-- SUPPLIED RECORDS follows --

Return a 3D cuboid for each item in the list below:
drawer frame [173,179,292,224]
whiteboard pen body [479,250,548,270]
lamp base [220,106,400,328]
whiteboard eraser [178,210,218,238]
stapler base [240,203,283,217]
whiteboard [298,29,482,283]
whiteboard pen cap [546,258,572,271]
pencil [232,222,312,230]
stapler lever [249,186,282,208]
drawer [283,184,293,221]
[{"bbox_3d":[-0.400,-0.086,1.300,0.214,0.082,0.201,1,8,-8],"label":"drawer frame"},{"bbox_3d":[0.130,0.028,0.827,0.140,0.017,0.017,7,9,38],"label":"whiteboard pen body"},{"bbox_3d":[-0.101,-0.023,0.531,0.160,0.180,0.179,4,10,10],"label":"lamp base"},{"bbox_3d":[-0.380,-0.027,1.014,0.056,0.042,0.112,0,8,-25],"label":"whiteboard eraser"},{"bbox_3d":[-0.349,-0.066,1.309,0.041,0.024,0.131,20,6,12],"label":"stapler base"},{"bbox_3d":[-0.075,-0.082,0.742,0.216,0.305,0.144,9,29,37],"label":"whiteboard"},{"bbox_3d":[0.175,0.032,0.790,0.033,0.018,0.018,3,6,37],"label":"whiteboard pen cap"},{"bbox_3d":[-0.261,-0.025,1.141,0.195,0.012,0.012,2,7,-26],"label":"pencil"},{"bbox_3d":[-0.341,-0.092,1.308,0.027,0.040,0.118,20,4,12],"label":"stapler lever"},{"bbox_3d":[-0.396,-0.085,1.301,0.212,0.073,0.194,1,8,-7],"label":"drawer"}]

-- SUPPLIED RECORDS concluded --

## EXERCISE DESCRIPTION
Starting with the line that holds "pencil [232,222,312,230]" and ending with the line that holds "stapler lever [249,186,282,208]", retype every line in the data above exactly, and nothing else.

## RESULT FOR THIS EXERCISE
pencil [232,222,312,230]
stapler lever [249,186,282,208]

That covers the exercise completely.